A lightning bolt lit the sky in the year 1890. It was a stormy night, but that wasn't unusual in the little town in France. It also wasn't unusual for Vincent Van Gogh to be having one of his fits. They weren't uncommon anymore and as he lay there on his back, the sweat dripping down his forehead, his doctor rushed back and forth, trying to cool his fever with a cloth. What he didn't know was of the visions Vincent was seeing, bestowed to him by his dear friend Catherine not a month before. And what a burden these visions were.

Madame Vernet was assisting the doctor in every way she could. Though her disliking for the poor artists was above any in the town, she couldn't stand by and watch the poor man die to a measly fit.
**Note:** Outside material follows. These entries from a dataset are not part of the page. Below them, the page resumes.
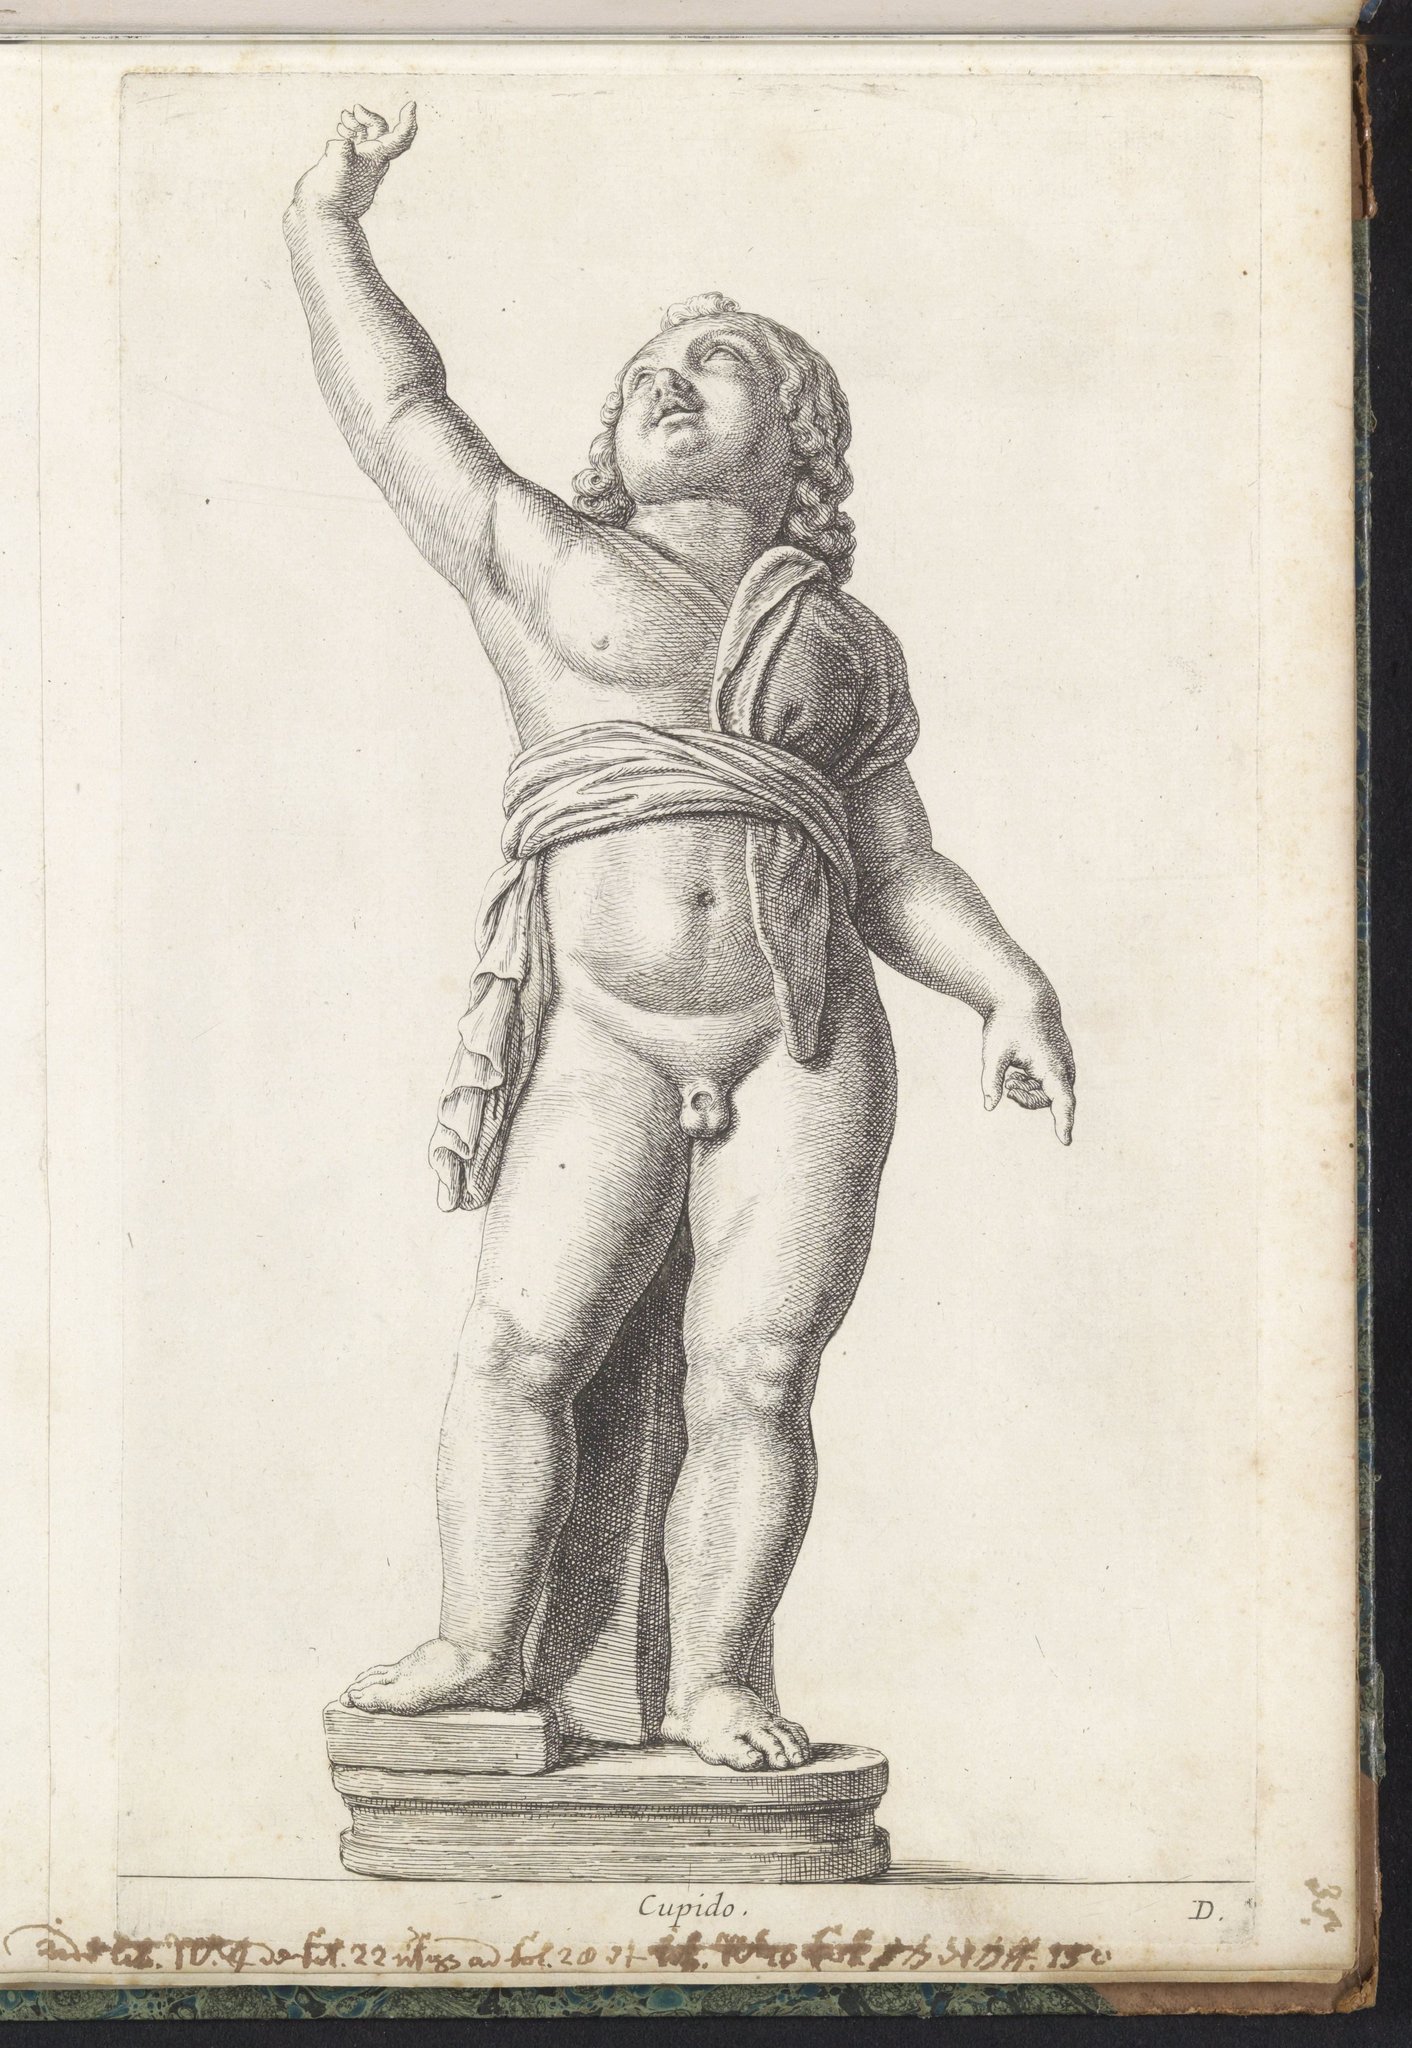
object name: album leaf
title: Sculptuur van Amor
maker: hubert quellinus
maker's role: print maker
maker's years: 1619-1687
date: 1646-1670
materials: paper
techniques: engraving
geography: antwerp
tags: piece of sculpture, reproduction of a piece of sculpture, (story of) cupid, amor (eros)
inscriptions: number: ‘35’, inscription: ‘Vide lib. No. 4 ... fol. 22 ... ad fol. 283 et ....’
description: Klassieke sculptuur van een jongen met krulhaar en een doek om zijn middel gebonden. Hij kijkt omhoog en heeft zijn rechterhand in de lucht. Rechtsonder: D. De prent maakt deel uit van een album met een serie prenten naar de sculpturen in de verzameling van Gerard Reynst.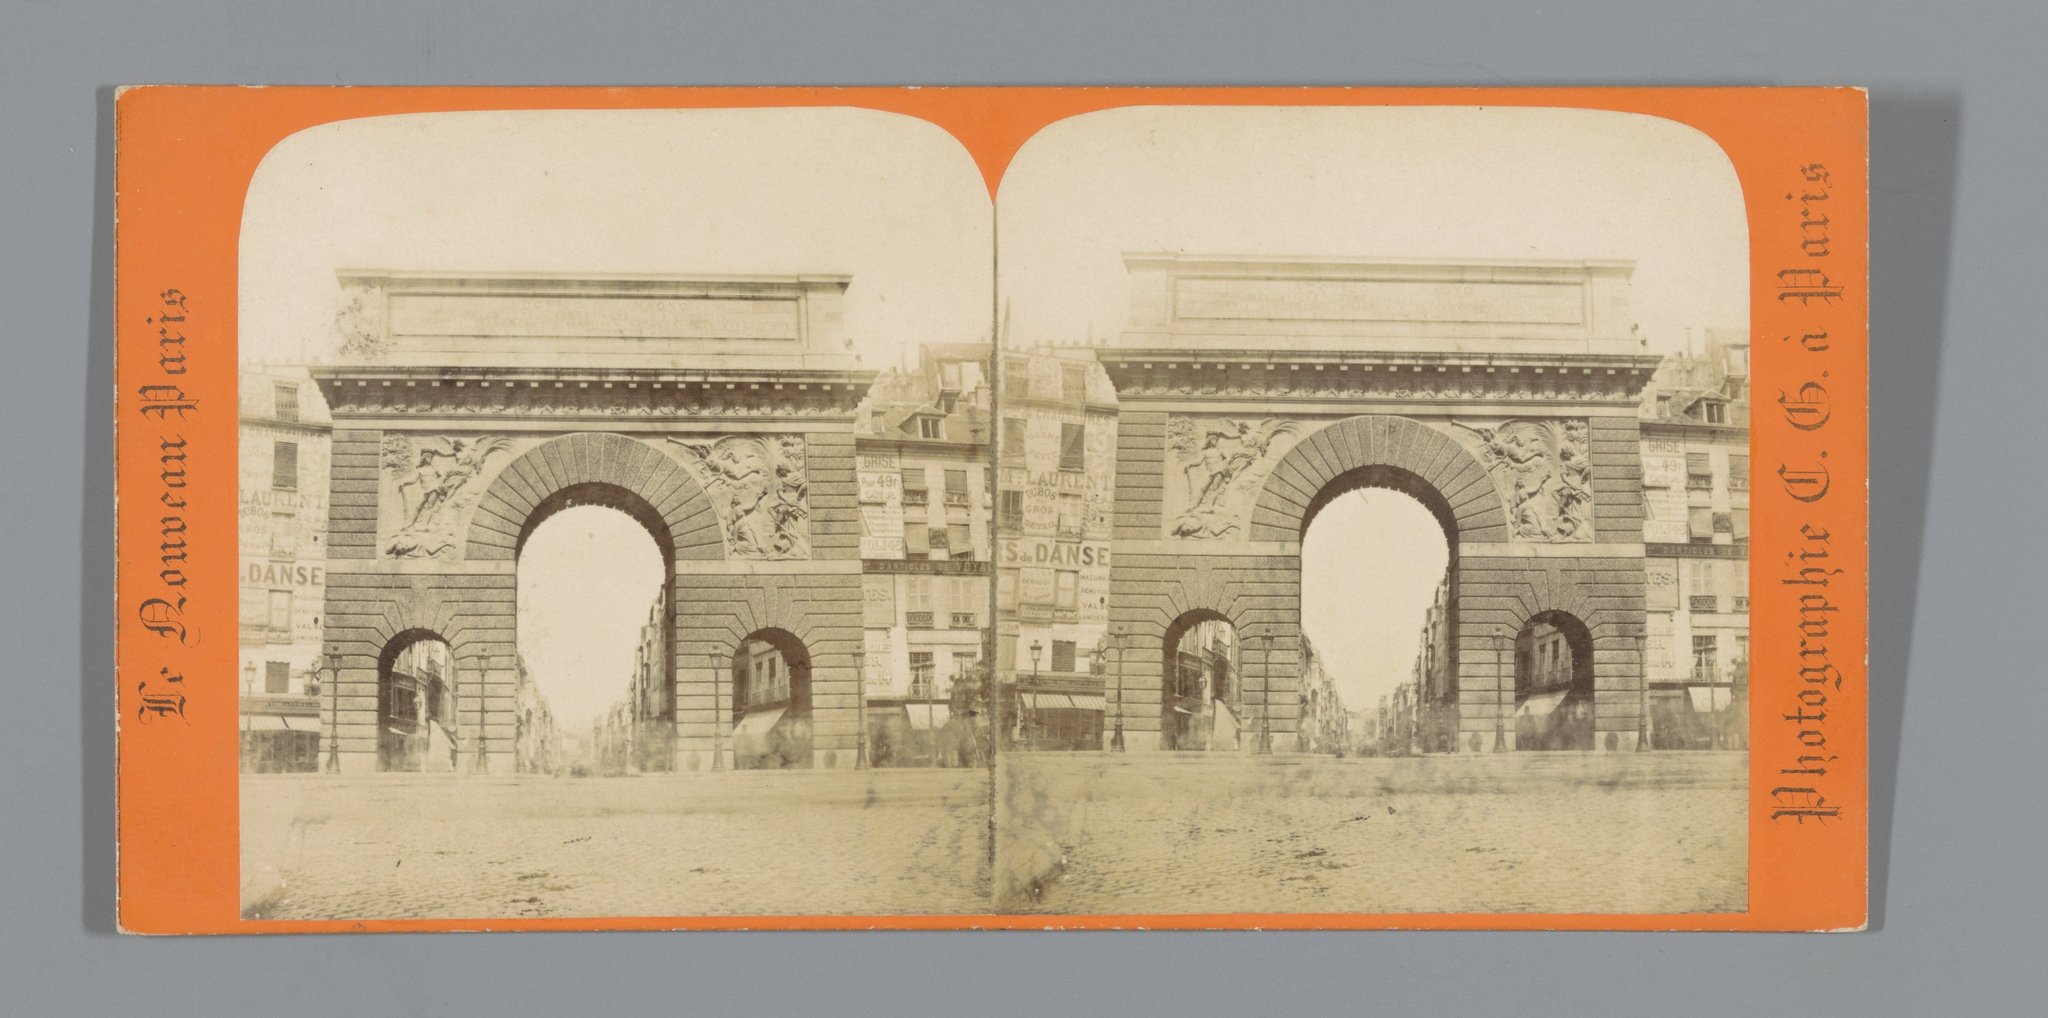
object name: stereograph
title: Gezicht op de Porte Saint-Martin te Parijs
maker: charles gérard
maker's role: fotograaf
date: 1860-1870
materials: cardboard, photographic support
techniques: albumen print
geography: paris
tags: triumphal arch
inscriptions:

She held the bowl of cold water in her hands, gazing at the odd paintings that were around her, on the walls and easels.

"Vincent!" the doctor called over Vincent's cries. "Can you hear me?" 

Madame Vernet scoffed at the doctor. "It's bad enough he goes drinking all around town. Now the whole neighborhood has to listen to his screams." 

"He's very ill, Madame Vernet," he insisted. 

She didn't hear him, but her attention was caught by another painting. This one was odder than the rest, unlike anything she had seen before. She peered at it, wondering what in the world it could have possibly been.

"Look at this," she said aloud, grabbing the doctor and pointing to it. "Even worse than his usual rubbish. Wonder what it is supposed to be..."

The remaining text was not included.